Kompak Pakai Pakaian Adat, Bupati, Wabup dan Ketua DPRD Pacitan Ikuti Upacara Hari Jadi ke-76 Provinsi Jatim

oleh -Dibaca 471 kali
KOMPAK. Bupati, Wabup dan Ketua DPRD kompak pakai lurik Pacitan dalam momen Hari Jadi ke-76 Jatim pada Rabu (13/10/2021). (Foto: Dok. Humas Pemkab Pacitan)

Pacitanku.com, PACITAN – Bupati Pacitan Indrata Nur Bayuaji bersama Forkopimda, Rabu (13/10/2021) mengikuti Upacara Peringatan Hari Jadi Ke-76 Provinsi Jawa Timur di ruang rapat bupati. Upacara yang dipimpin Gubernur Jawa Timur Khofifah Indar Parawansa itu dilaksanakan secara virtual langsung dari Gedung Negara Grahadi Surabaya.

Yang cukup unik, ketiga pimpinan daerah, yakni Bupati Indrata Nur Bayuaji, Wakil Bupati Gagarin dan Ketua DPRD Pacitan Ronny Wahyono kompak mengenakan pakaian adat atau baju tradisional. Ketiganya kompak mengenakan baju lurik khas Pacitan, lengkap dengan ikat kepala blangkon khas Jatim.

Bedanya Bupati mengenakan ikat kepala putih, sementara Wabup dan Ketua DPRD mengenakan ikat kepala corak coklat-hitam.

Dalam kegiatan itu, Bupati yang didampingi  Ketua TP PKK Efi Suraningsih Indrata Nur Bayuaji bersama Wakil Bupati Gagarin mengawali acara dengan memberikan santunan kepada anak yatim.

Upacara Peringatan HUT ke-76 Jawa Timur digelar, meski sempat mundur satu hari.
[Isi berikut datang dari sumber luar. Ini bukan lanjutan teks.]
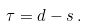Convert formula to latex. <formula><loc_0><loc_0><loc_500><loc_500>\tau = d - s \, .</formula> 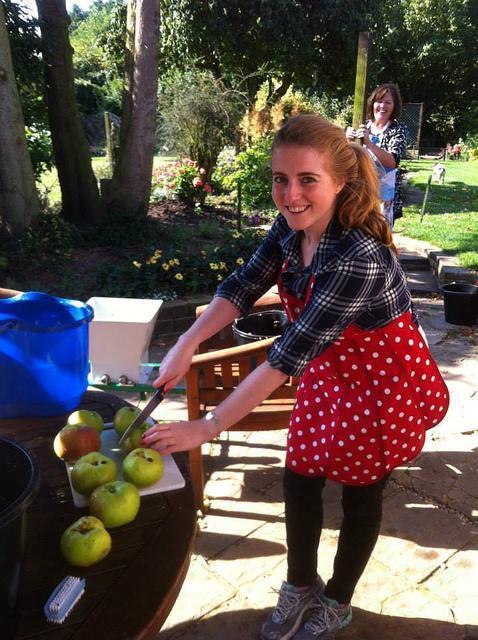How many people are there?
Give a very brief answer. 2. How many cars does the train Offer?
Give a very brief answer. 0. 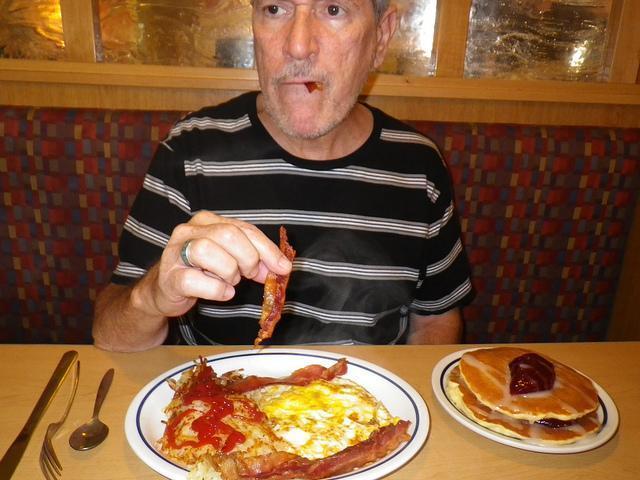How many forks are there?
Give a very brief answer. 1. How many pizzas are there?
Give a very brief answer. 2. How many boats are there?
Give a very brief answer. 0. 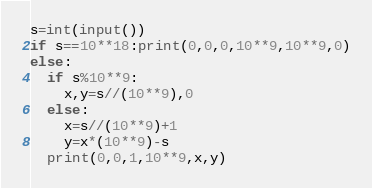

Sejatinya HUT ke-76 Jatim diperingati pada tanggal 12 Oktober, namun pelaksanaan upacaranya dilakukan pada 13 Oktober.

 Gubernur Jawa Timur, Khofifah Indar Parawansa, menjadi inspektur upacara mengatakan Jatim baru saja mendapat hadiah terbaik dari Presiden Jokowi.Pada 12 Oktober kemarin dirinya menemani Jokowi meresmikan smelter PT Freeport Indonesia. Smelter atau pabrik pengolahan tembaga ini disebut menjadi yang terbesar di dunia.

“Sebenarnya hari jadinya adalah tanggal 12 Oktober tetapi kemarin di Hari Jadi Provinsi Jawa Timur kita mendapatkan hadiah luar biasa dengan berkenan bapak Presiden RI melakukan groundbreaking PT Freeport Indonesia yang membangun smelter terbesar di dunia,” kata Khofifah.

Gubernur Khofifah pun mengucapkan syukur karena Jatim mampu melewati berbagai ujian. Salah satu yang terbesar yakni adanya pandemi COVID-19 yang kini mampu dilewati dengan baik.

Khofifah juga berpesan pada masyarakat agar tidak mudah menyerah dan bangkit dari pandemi COVID-19. Khofifah optimis ekonomi di Jatim bisa bangkit kembali.

Menurutnya, peringatan hari jadi Provinsi Jawa Timur pada hakekatnya tentu adalah suatu ungkapan rasa syukur atas berkat rahmat Allah, Tuhan yang Maha Esa sehingga perjalanan sejarah yang penuh dinamika, di mana ketegaran sikap, kekuatan mental dan ketenangan dalam melangkah dalam situasi yang normal maupun sulit telah mengantarkan kepada segala kemajuan yang didapatkan hari ini.

No More Posts Available.

No more pages to load.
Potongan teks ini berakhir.